Casualties of Democracy as Warfare

by Tom Chiahemen
0 comment 9 minutes read

ENGAGEMENTS By Chidi Amuta –

The ballot elections are over now. The next stage of Nigeria’s democracy warfare will soon shift to courtrooms at various levels of the judiciary. The morning after, we are in a nation that looks and feels more like the scene of a recent battle. After the bitter fights, now the head count of casualties. The season of campaigns and elections which ought to have climaxed in a ritual of political self -renewal was converted into a series of pitched battles between political hounds. What just took place was a bewitched national frenzy of fraud and disruptive violence. It left no section of the country out. In every sense, we all are now, as the poet said, ‘all casualties of a war’ of democracy that was unintended and uncalled for. It was a war of everybody against everybody in which a blighted system democratized pain and disappointment instead of the promise of goodness.

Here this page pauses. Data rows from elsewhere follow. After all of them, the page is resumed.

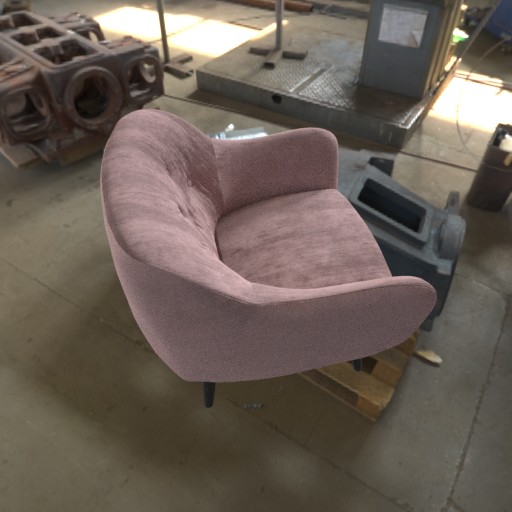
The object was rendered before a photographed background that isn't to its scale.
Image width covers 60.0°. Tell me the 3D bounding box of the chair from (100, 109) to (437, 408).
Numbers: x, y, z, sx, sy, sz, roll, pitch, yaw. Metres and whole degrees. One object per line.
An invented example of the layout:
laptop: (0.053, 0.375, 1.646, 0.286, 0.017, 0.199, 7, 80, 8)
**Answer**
chair: (0.000, 0.000, 1.474, 0.820, 0.820, 0.840, -9, 46, -9)
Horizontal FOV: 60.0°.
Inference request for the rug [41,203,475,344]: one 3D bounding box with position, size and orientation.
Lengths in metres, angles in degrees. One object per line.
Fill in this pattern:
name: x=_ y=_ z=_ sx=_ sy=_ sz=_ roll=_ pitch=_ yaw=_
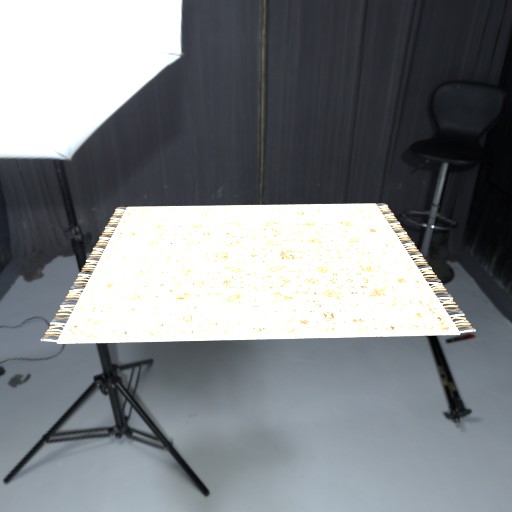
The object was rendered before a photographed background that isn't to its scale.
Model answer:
rug: x=0.000 y=0.000 z=2.291 sx=1.726 sy=0.009 sz=1.278 roll=-1 pitch=31 yaw=-2
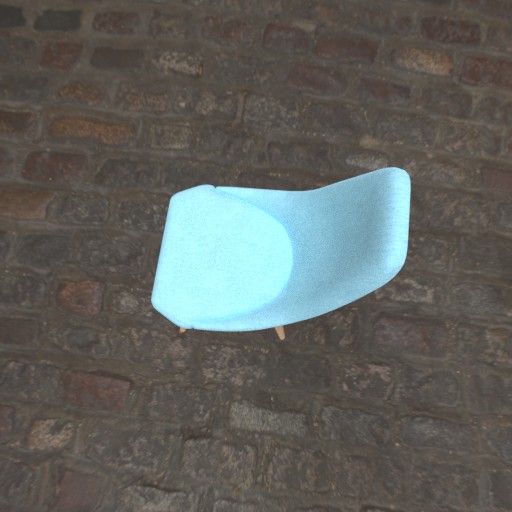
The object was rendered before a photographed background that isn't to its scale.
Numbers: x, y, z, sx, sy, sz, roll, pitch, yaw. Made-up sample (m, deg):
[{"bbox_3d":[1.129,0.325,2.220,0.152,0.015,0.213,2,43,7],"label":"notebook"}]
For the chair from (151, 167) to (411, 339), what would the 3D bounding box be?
[{"bbox_3d":[0.000,0.000,1.449,0.660,1.040,0.510,7,76,2],"label":"chair"}]
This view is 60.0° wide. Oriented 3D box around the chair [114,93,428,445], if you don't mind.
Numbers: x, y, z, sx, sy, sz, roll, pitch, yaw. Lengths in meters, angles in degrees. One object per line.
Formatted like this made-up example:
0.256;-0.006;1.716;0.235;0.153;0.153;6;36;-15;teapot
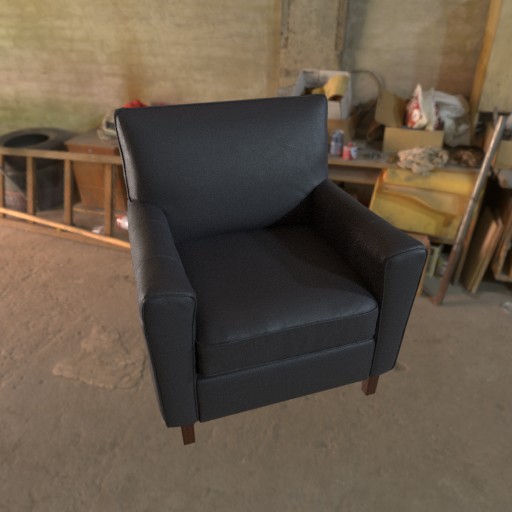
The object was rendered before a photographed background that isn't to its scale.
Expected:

Politicians as literal war commanders deployed their foot soldiers and all their lethal arsenal to unleash near anarchy and blood. A war in which every combatant wants to win is bound to produce a landscape of carnage, ruin and lingering bitterness. That is why the mood of the nation after this election is one of sourness and bitterness.

In some places, neighbours and friends have suddenly become  unspoken adversaries. People ordinarily bound together by decades of peaceful coexistence have suddenly discovered that they are divided by differences of primordial nativity. Suddenly, tribe and tongue now differs after many decades and vast resources spent in efforts to unify the nation and manage a diversity that should have been our major strength.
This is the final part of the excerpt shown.